Again, the logs are not terribly forthcoming, so I can’t tell what is actually happening. My guess based on the behavior of the container and SMB is that the SMB connection ends up hanging, causing both the smbd service and container to hang themselves.

The container becomes unresponsive to both web connections, and docker socket connections (like: docker kill container). I am able to stop the smbd process through systemctl so that Truenas doesn’t reset. If I were to let it go, eventually I would hit the memory overwrite and it would reset Truenas.

I have also been able to replicate from another VM. This one is not domain joined, but it is using AD credentials and a sabnzbd container.

It doesn’t exhibit the same propensity for completely breaking everything, but it definitely hangs. the container and truenas have to be forced to close their connections.

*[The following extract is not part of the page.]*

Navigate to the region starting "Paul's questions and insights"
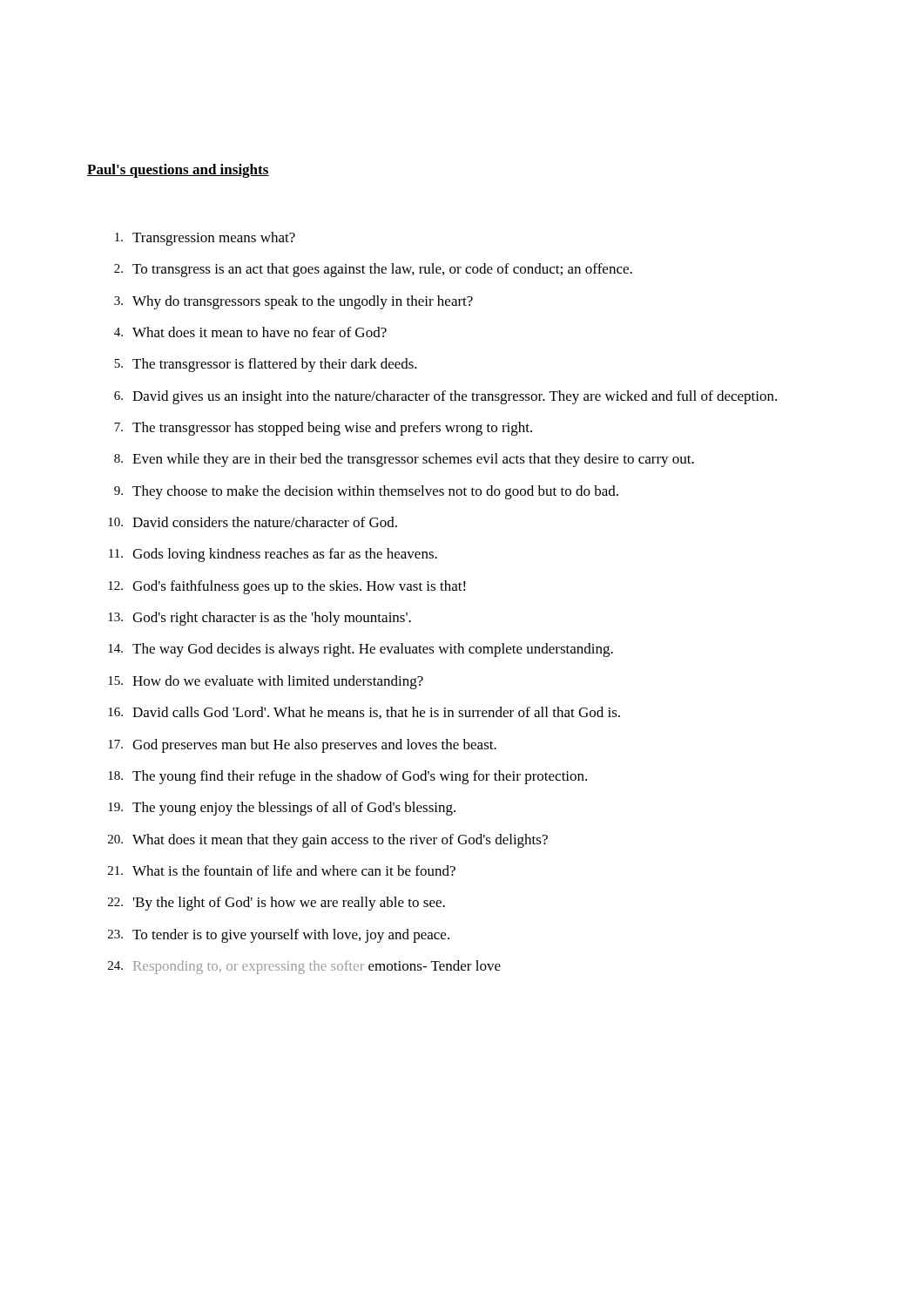The image size is (924, 1307). 178,169

And the smbd service doesn’t want to stop (this behavior was exhibited when connecting from both systems).

I don’t seem to have the same kernel panic from this system though.

How do you have the application configured for storage? Host Path?

Yeah.

The SMB Share is mounted on the host using cifs-utils. (ex: //server/share /mnt/share)
The directory is bind mounted into the container. (ex: -v /mnt/share:/mnt/share)

Hmm… So Like this:

graph TD;
    TrueNAS("TrueNAS")
    Ubuntu("Ubuntu")
    sabnzbd("sabnzbd (Kubernetes)")

    sabnzbd -.->|-v /mnt/share:/mnt/share| Ubuntu
    Ubuntu -->|//server/share /mnt/share| TrueNAS

Can you reproduce if you mount the SMB share directly in the container instead? I think something is wonky with doing bind mounting/host path to an SMB share, which I don’t think is a good practice anyway.

graph TD;
    TrueNAS("TrueNAS")
    sabnzbd("sabnzbd (Kubernetes)")

    sabnzbd -.->|//server/share /mnt/share| TrueNAS

GitHub - kubernetes-csi/csi-driver-smb: This driver allows Kubernetes to access SMB Server on both Linux and Windows nodes.

EDIT: Looks like FlexVolume is deprecated now, so nevermind sorry! :frowning: Looks like you can only use SMB as a repo for PVCs and not actually interact with a share/files.

Yeah, that’s a solid representation, other than I’m not using kubernetes, just docker engine.

That does seem more elegant. On my production system, I have multiple containers manipulating data on the same smb share. For that use case, is it better to mount smb straight onto multiple containers, or just mount on the host and bind mount into the container as I’ve been doing?

Also, I’ve continued my testing, and it appears related to the mask. I am absolutely a hobbyist in the systems space, I am a network engineer / architect by trade, so I don’t really understand posix and the permission sets now. The ACLs made more sense to me before.

When I set the mask to full execute, it appears to behave as desired and expected. When the mask is set to none, I am able to connect to the share and do some limited actions, but the container isn’t able to move stuff around properly (this is probably on purpose, as I’ve been trying to read up on what the mask does).